7. The moving body according to claim 2, wherein the trajectory generation means generates a trajectory to be followed by a position behind an arm of the user who has recognized that the user has more activity for a predetermined time, out of a left rear side and a right rear side of the user as the first position.

8. The moving body according to claim 2, wherein the trajectory generation means generates a trajectory to be followed at a position behind one of a left rear side and a right rear side of the user, which is the first position, in which the number of times of turning back of the user within a predetermined time is greater.

9. The mobile unit according to claim 1, wherein the travel control means adjusts the first position based on an output from the sensor, and performs travel control of the mobile unit.

10. The movable body according to claim 1, wherein,

the moving body further includes a setting means for setting a travel mode related to trajectory control of the moving body based on a user input,

when the following mode is set by the setting means, the trajectory generating means generates a trajectory to follow the user.

11. The mobile unit according to claim 1, wherein the sensor is a camera capable of shooting throughout 360 degrees in a horizontal direction.

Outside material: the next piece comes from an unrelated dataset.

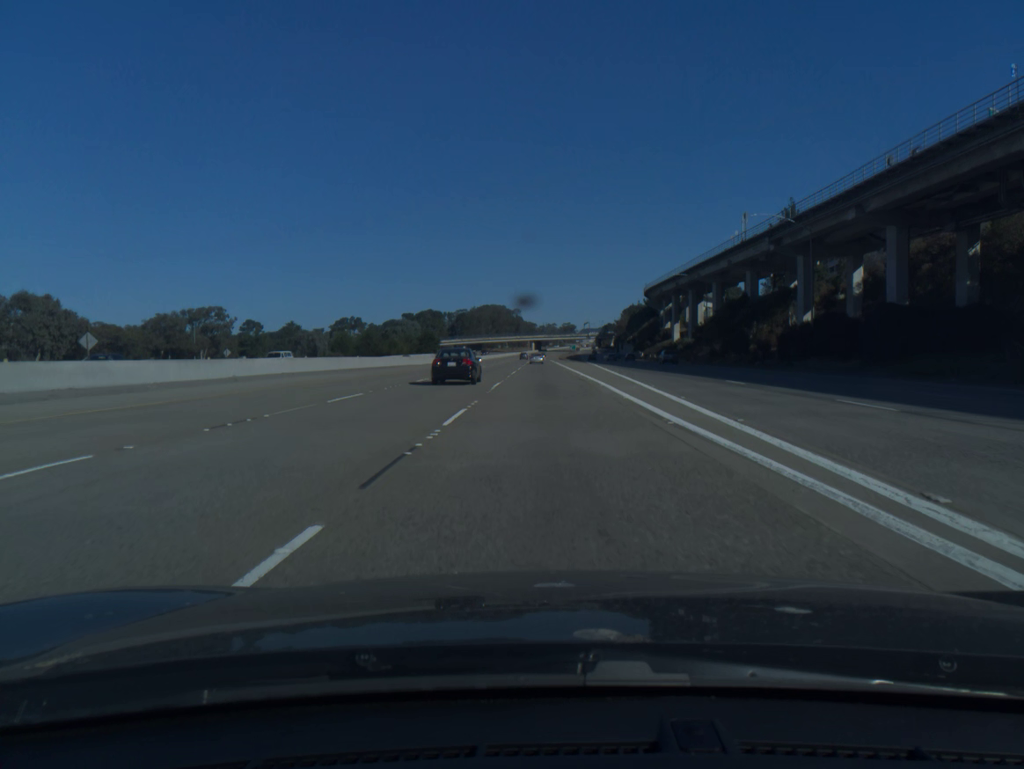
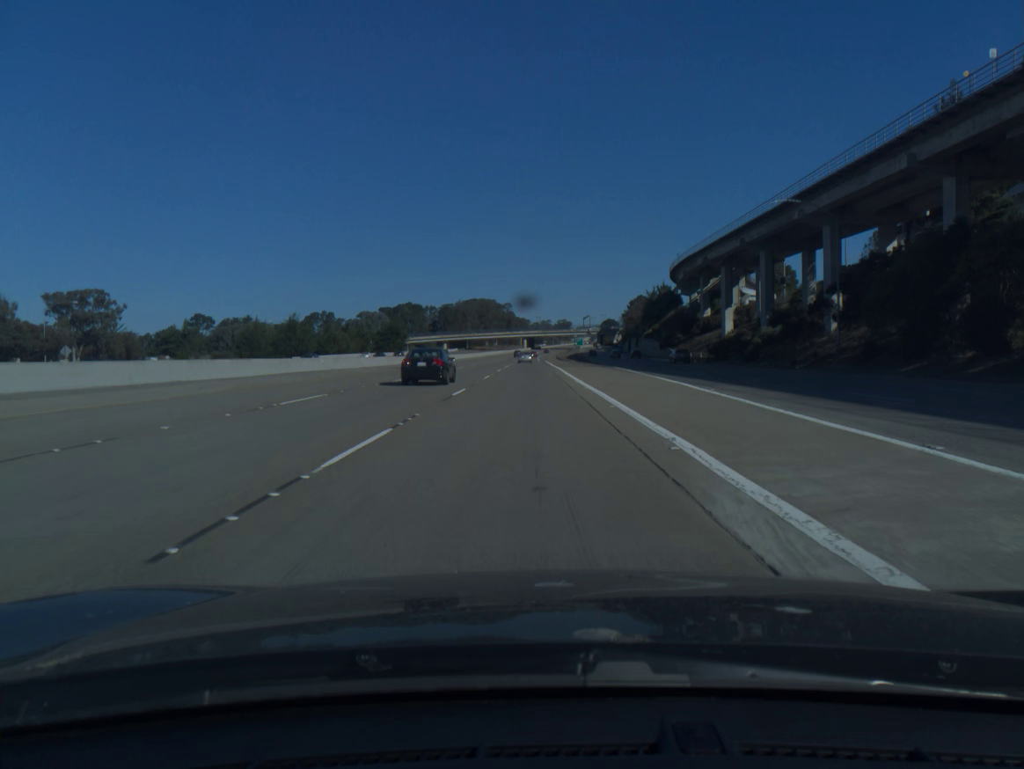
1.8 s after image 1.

12. A method for controlling a moving body provided with a sensor for detecting a surrounding object, characterized in that,

the control method of the mobile body comprises the following steps:

a setting step of identifying and setting a user based on an output from the sensor;

a trajectory generation step of generating a trajectory of the moving body so as to follow a first position obliquely behind the user, based on the movement of the user set in the setting step and the output from the sensor; and

And a travel control step of causing the moving body to travel along the generated trajectory.